ReNews
- Type: Online-only news
- Founder: Lam Yin-pong
- Founded: 19 April 2022
- Political alignment: Pro-democracy
- Language: Chinese

= ReNews =

Hong Kong news website

ReNews is a Hong Kong online news outlet established in 2022. Operated solely, the outlet was founded in response to the consecutive shutdowns of Hong Kong pro-democratic media outlets and primarily covers non-mainstream political news.

== History ==
Founder and sole operator Lam Yin-pong has worked as a journalist for Hong Kong Cable Television, Hong Kong Economic Times, TVB, and Stand News for sixteen years. After the closure of pro-democratic media outlets such as Apple Daily, Citizen News, and his former employer Stand News, Lam decided to found ReNews to provide an alternative news source. The news outlet was established on 19 April 2022. He chose to operate the outlet alone to avoid implicating others in potential investigations. The outlet was named "ReNews", signifying a repackaging and reinterpretation of significant but overlooked news from mainstream media. It releases three to four reports per day, all authored and photographed by Lam, with 70% focused on daily news and 30% consisting of opinion pieces and interviews, covering topics that he believes mainstream media may overlook or avoid.

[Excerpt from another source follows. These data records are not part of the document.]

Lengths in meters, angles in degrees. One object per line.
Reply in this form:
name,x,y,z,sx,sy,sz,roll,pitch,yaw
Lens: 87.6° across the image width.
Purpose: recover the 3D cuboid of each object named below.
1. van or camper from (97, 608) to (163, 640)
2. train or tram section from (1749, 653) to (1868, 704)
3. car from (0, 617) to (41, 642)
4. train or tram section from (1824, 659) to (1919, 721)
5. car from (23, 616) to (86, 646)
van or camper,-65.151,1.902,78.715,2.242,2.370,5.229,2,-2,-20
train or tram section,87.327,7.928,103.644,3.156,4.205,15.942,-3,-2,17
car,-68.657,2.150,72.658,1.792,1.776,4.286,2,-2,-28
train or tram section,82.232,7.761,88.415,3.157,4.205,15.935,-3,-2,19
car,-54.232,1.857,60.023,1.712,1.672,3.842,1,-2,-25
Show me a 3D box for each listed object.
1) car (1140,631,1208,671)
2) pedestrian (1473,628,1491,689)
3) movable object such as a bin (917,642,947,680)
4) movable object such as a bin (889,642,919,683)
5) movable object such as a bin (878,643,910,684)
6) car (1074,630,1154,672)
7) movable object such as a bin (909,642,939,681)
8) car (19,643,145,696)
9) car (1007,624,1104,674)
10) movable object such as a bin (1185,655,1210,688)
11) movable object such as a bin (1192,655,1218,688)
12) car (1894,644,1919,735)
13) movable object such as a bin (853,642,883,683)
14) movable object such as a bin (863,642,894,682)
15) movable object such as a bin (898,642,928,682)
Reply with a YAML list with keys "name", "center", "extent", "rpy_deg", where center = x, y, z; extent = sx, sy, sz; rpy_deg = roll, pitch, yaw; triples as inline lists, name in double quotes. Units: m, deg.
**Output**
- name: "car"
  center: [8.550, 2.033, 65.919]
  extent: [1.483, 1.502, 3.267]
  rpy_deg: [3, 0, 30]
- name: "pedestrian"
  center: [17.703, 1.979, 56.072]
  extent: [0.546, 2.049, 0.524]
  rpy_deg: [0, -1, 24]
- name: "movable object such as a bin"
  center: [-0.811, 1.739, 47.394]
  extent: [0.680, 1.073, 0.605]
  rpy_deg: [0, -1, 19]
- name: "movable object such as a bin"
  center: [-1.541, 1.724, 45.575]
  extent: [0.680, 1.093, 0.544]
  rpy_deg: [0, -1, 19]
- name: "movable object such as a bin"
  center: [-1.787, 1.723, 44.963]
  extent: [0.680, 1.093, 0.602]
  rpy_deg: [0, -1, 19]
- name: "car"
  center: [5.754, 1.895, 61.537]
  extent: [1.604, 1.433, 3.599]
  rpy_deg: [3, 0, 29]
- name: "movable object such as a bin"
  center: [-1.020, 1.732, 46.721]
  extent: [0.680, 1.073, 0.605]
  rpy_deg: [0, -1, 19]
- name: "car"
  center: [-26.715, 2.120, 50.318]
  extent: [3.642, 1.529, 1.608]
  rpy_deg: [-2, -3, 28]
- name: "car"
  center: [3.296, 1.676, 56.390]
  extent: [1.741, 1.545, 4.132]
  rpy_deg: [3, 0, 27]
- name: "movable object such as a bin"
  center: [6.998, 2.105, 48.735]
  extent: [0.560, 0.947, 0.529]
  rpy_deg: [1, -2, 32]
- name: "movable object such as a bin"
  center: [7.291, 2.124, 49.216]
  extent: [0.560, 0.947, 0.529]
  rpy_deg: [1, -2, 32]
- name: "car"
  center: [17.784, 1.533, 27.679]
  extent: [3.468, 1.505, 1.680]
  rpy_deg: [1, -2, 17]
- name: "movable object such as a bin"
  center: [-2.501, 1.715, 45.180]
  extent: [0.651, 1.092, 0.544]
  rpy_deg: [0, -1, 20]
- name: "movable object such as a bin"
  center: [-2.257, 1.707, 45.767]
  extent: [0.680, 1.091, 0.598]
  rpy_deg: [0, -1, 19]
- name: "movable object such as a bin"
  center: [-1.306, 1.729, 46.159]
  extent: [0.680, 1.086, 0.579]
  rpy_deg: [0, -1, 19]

The outlet is completely free to read, relying entirely on reader subscriptions via Patreon for its funding. Within ten days of its establishment, ReNews attracted over 25,000 followers. By December 2023, it had grown to over 110,000 followers on Instagram and more than 100,000 followers on Facebook. The outlet was known for launching a series of interviews with political prisoners. In May 2025, the Hong Kong Journalists Association stated that ReNews, alongside seven other local media outlets, their employees and their family members, has been subject to a tax audit by the Inland Revenue Department.